Tuesday, January 25, 2011

How low can you go??

Hypoglycemia. Low. A diabetic's worst nightmare, no? The one thing parents of kiddos with diabetes fear most. At camp, its the one HUGE thing we attempt to avoid for the 6 days we have the rugrats. A new diabetic has heard horror stories, everyone (wrongfully) thinks this is why Julia Roberts (I KNOW...I mentioned her AGAIN) dies in Steel Magnolias...wrong. A good friend of mine will let a hypo event rob him of several hours of his life...he is overly dramatic about them (thank you, hormones) and then over treats (hello hyper!), and will bitch, moan and complain about the fear of dropping low again....until it happens....again. Makes me want to choke him. Why all the drama? Why all the fear? How many diabetics do you know, personally, that have kicked the bucket from a low? Now, its not unheard of, and those that have passed in this manner, its absolutely heartbreaking...but honestly, its not something I let ruin my day.....

That is, until this past Thursday. Had an appointment with my orthopedic surgeon...lunch, earlier that day, was a bistro and glass of wine for my BFF's b-day (SHOUT OUT TO THE NESTOR!! COLLLLLAAAAAA), and the partial loss of my voice due to viral laryngitis. Typical day, right? Well, as Dr G is getting my x-rays, I start to feel the quickening pulse and sweaty, light headed feeling that precipitates my lows. So, as a responsible diabetic, I grabbed the glucose tabs out of my purse (These are my FAVE, they taste like sweettarts, and are 1 gram of CHO each ), popped a few...and after a few minutes, the feelings began to dissipate. So, Dr G goes over my xrays, and as we are in the exam room, I began to feel like I was in a tunnel...started to see stars...and the next thing I knew...I awoke in his arms....super romantic, right??? NOT. I was low enough that I couldn't tell the nurse Dr. C's #...low enough that I couldn't speak at all...so I did the next best thing, I started crying!! Thankfully, I was OK, and in the same hospital professional building as the hubs, so he got down there...and proceeded to laugh at me. Yeah. A-hole. I believe the combo of being sick, the alcohol, my use of off label Metformin and not wearing my CGM all contributed to my dramatic lowness.

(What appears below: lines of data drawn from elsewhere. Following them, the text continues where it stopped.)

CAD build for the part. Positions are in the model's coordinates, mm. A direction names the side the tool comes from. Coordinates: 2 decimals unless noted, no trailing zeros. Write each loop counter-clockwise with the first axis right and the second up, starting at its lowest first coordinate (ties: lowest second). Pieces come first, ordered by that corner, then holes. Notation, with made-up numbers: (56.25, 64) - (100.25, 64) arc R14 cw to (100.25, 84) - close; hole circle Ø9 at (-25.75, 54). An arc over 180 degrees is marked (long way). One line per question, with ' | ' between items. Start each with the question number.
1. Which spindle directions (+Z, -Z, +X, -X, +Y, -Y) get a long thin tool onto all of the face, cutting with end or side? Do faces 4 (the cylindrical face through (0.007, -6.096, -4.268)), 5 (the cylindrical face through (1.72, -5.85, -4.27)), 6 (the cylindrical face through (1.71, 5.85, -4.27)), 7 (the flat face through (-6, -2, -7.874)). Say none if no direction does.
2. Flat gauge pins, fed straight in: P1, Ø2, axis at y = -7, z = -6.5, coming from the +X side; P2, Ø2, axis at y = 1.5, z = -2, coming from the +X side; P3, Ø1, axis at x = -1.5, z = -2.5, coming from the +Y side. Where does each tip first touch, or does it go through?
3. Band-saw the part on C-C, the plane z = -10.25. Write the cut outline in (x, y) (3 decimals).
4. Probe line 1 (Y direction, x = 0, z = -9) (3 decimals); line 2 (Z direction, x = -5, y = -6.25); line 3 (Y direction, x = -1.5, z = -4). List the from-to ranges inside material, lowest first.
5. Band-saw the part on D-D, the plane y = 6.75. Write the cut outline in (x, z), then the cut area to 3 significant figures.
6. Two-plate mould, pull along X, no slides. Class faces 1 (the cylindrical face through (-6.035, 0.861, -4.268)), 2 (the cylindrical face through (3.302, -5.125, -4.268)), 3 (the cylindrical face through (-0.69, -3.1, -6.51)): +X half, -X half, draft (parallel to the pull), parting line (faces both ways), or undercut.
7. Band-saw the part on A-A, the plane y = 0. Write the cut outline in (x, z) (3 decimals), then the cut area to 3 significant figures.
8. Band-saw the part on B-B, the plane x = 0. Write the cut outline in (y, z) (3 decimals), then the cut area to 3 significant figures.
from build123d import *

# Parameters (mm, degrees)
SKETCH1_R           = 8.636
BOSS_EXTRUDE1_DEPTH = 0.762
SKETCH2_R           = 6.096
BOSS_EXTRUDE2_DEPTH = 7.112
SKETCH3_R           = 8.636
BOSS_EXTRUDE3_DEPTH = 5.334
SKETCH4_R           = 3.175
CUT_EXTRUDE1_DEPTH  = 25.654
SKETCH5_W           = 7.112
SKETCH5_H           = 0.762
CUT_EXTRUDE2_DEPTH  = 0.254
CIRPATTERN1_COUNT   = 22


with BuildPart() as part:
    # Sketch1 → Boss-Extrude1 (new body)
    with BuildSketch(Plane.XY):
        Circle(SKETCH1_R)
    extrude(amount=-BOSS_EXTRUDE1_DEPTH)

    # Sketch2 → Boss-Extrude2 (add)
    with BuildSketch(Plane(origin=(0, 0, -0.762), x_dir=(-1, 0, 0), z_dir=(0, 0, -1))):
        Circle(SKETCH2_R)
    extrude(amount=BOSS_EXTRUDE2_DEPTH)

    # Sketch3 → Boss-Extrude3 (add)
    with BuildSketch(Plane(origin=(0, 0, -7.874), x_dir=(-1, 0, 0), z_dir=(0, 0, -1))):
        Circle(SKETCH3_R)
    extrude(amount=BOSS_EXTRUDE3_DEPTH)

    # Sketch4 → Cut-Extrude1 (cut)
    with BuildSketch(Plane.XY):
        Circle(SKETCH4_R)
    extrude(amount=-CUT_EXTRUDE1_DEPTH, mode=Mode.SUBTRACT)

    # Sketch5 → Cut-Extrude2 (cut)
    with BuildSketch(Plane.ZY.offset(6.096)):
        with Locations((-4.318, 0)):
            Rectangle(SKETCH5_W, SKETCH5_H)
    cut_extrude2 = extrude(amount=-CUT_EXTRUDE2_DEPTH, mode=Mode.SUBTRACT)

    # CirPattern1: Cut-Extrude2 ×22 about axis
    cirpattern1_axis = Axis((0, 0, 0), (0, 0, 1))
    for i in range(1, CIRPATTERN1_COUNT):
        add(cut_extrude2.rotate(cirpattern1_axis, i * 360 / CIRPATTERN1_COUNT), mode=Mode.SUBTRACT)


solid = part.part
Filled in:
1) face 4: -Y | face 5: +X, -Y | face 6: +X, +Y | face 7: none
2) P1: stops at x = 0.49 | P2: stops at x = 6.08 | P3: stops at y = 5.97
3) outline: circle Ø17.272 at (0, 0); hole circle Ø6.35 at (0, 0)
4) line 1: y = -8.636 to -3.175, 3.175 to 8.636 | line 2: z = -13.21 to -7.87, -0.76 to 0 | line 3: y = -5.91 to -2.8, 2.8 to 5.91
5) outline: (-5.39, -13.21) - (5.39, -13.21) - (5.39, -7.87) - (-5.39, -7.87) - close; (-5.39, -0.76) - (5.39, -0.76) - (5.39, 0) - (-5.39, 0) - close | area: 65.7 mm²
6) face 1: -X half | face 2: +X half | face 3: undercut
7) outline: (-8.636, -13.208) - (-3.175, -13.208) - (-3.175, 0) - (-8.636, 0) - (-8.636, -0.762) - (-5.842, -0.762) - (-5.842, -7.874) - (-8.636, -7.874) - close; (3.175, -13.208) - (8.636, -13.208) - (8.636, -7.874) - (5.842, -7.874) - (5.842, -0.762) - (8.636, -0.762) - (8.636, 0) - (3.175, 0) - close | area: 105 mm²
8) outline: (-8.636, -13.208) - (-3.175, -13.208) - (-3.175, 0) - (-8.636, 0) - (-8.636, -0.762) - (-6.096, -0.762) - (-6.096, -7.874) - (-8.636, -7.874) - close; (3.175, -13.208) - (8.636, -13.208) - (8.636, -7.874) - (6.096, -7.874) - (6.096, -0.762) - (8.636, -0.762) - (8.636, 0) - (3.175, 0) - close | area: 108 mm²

Its said that an average diabetic, diagnosed in childhood, will drop low between 5,000-15,000 times...in a lifetimes. Dude. Technically, a low is not considered a low until less than 70 mg/dL (3.8 mmol/L, eh?), and some freakkin docs don't consider it low until less than 60...jerkoffs. Something I always aim to explain to my patients is that symptoms can occur, not because of the number, but because of the fall. So lets say you drop from 140 down to 85, in less than an hour..that's at a rate greater than 1 mg/dL per minute...which is quick! Even just that plunge can trigger the symptoms of an actual low sugar. This is where continuous monitoring comes in handy. Having rate of change, predictive and low/high alarms is the only way some diabetics can function. I have been wearing my sensor since Thursday...and I have to tell you, it may be a pain in the ass, but the amount of data made available to me is mind blowing. The thought of bedside screens, displaying this data from another room, or a vehicle that won't start because it senses your sugar is too low, this is the wave of the future, guys!!! Diabetes has come so far, and its amazing to be a part of it all, but yet, we have so far to go. So lets just keep on keepin on, diabetic friends.

Love, Kelley

PS. To all of you Divabetics out there, please remember to always be prepared for a potential hypo. Make sure your Glucoagon Rx is current, that you have at least 15 grams of FAST acting (Not peanuts or Cheerios...you know who you are), this can be 4-6 oz of juice (I love toddler juice boxes for this reason!!), glucose tabs, Smarties, cake icing (Not the can, the tube...duh), and even a follow up snack can be a good idea...Thank you, Sam's & Costco, for your overly large boxes of granola bars!


  1. OK- How does Julia Roberts/Shelby die then? I always assumed it was a low. What the heck was it?

  2. This was immensely helpful for me to read. I didn't know that the low symptoms could happen because of the fall even if his blood sugar isn't horribly low.

    True confession (don't hate me): my immediate feeling when Matt runs low is to be pissed at him about it. It doesn't happen often (he's not a divabetic!) and I know it's irrational and wrong on so many levels - but, I feel incensed (at him) when he's low.

    Maybe you could do a post about finding some friggin' empathy when your one true love is having a medical moment. Don't get Doug's input on that one :)

    Hugs to you,

  3. Word. When I am dropping or just coming down from a mega high I always feel like I am low.
    I realllllllly want a cgm, more than strippers want tips.
    But I think my insurance thinks it's not really necessary and will pay like 2 bucks on it.